[HOW TO COMPLETE THIS TASK] From the entries below, copy every line holding the word "invented".

[INPUT DATA]
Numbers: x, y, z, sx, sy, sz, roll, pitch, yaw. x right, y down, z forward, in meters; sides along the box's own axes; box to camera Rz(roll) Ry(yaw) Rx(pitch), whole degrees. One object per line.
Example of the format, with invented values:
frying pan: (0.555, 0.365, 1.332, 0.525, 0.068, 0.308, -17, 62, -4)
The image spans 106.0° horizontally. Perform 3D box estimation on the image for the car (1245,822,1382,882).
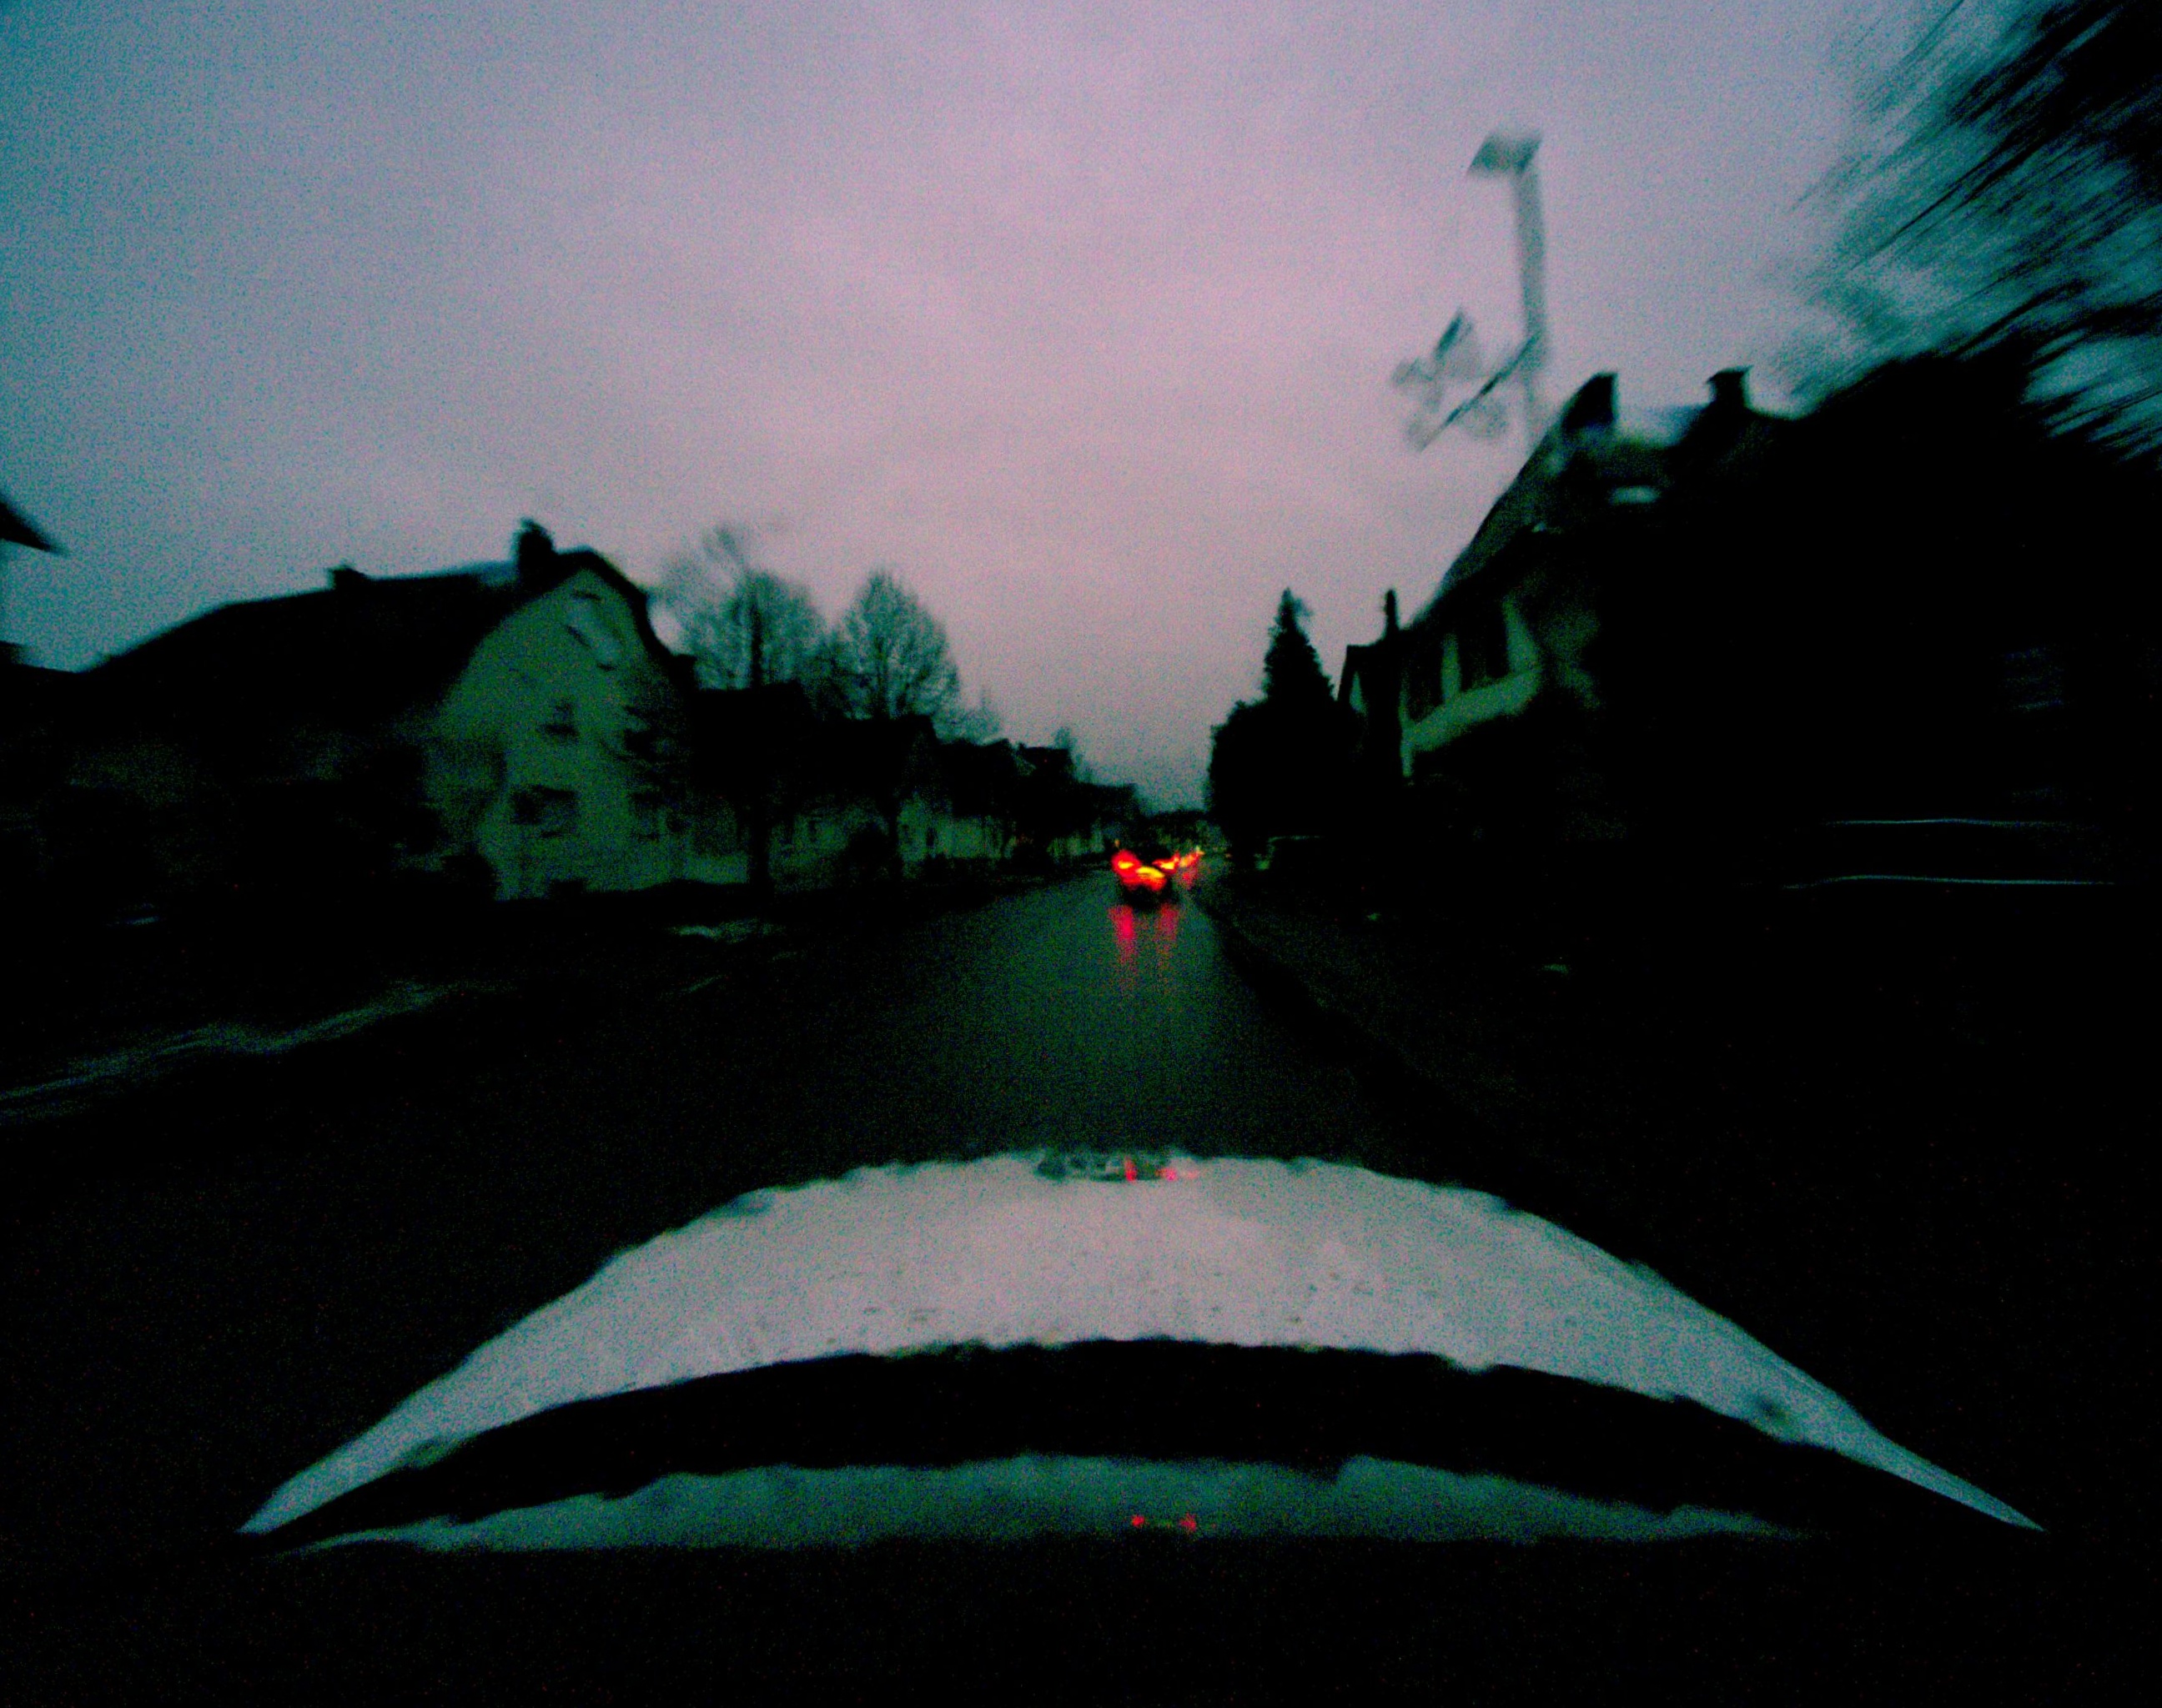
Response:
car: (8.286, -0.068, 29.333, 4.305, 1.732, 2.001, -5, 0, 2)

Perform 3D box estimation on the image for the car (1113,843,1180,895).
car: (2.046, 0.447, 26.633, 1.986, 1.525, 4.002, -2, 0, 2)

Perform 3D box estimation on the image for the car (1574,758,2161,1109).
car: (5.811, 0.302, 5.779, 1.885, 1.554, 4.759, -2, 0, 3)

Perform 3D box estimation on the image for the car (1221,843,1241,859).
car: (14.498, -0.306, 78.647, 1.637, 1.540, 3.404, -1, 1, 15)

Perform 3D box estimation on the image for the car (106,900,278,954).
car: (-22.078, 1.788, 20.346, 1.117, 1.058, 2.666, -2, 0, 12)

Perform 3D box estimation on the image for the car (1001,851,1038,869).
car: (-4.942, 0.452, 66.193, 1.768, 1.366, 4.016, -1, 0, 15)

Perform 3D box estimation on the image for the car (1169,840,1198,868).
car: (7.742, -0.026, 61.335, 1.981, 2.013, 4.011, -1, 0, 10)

* * *

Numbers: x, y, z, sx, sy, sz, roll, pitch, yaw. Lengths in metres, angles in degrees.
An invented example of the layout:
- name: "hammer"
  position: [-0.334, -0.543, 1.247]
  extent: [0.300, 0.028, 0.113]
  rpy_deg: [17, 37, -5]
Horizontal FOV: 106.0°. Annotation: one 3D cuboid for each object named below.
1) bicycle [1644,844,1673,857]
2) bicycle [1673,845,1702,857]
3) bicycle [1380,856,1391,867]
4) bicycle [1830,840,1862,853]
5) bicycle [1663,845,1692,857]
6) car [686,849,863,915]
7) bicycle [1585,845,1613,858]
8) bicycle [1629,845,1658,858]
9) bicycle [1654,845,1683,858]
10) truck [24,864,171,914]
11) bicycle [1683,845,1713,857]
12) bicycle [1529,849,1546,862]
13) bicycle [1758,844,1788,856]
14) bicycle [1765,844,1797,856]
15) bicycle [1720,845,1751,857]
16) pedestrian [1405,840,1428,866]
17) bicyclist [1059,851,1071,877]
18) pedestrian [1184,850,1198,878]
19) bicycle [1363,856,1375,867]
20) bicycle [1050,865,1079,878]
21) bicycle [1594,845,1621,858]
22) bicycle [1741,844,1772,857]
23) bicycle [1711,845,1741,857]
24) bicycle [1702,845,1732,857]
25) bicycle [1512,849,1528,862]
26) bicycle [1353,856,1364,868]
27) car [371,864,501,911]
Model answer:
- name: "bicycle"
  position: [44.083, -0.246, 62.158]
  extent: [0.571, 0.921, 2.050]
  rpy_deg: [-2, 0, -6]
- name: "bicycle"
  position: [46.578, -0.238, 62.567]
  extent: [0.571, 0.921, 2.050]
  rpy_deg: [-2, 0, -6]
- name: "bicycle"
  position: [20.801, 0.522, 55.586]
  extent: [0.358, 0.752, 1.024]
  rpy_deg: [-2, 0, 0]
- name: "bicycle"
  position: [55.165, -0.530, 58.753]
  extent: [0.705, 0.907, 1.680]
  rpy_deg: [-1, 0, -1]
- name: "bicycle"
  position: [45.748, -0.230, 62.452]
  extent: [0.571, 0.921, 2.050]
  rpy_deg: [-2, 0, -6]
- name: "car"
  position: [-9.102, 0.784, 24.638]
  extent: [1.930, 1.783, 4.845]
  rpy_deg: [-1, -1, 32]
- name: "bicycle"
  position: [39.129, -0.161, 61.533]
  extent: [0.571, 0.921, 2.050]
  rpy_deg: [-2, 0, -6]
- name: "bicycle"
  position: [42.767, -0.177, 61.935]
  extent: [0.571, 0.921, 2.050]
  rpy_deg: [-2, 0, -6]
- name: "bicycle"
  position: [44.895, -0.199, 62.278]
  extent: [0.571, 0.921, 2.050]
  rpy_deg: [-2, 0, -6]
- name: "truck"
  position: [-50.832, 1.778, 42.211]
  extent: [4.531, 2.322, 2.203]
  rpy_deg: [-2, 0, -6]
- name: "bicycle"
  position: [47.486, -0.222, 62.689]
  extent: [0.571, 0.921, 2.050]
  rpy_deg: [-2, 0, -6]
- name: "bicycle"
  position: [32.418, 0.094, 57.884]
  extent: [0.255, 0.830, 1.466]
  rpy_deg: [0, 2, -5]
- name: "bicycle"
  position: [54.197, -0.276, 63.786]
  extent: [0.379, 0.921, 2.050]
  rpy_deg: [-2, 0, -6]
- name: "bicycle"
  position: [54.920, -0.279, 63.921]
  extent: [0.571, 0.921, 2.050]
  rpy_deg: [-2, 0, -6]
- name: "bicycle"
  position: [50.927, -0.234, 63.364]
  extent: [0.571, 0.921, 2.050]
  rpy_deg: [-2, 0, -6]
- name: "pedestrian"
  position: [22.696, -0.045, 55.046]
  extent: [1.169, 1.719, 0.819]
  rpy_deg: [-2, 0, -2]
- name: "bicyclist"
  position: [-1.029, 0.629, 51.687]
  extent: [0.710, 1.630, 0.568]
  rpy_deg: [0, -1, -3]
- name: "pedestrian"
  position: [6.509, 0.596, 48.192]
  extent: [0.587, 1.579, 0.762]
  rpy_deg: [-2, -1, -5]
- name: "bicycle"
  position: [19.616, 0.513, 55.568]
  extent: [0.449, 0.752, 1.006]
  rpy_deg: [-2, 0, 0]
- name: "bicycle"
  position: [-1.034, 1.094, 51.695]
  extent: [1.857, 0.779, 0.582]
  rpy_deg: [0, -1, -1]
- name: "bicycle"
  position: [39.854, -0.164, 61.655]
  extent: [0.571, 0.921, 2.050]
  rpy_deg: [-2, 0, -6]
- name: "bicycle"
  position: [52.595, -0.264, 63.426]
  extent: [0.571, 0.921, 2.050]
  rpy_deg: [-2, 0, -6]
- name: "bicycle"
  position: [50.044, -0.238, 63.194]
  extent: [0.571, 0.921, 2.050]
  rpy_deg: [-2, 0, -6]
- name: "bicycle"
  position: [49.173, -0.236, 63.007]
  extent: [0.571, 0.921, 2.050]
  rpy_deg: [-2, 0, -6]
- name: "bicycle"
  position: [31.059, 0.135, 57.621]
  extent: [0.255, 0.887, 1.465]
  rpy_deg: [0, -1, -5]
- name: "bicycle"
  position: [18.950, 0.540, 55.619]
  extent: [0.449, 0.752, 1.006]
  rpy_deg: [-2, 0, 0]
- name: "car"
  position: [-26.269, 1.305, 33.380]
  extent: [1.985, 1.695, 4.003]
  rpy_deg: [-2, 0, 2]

[EXERCISE OUTPUT]
Example of the format, with invented values:
An invented example of the layout:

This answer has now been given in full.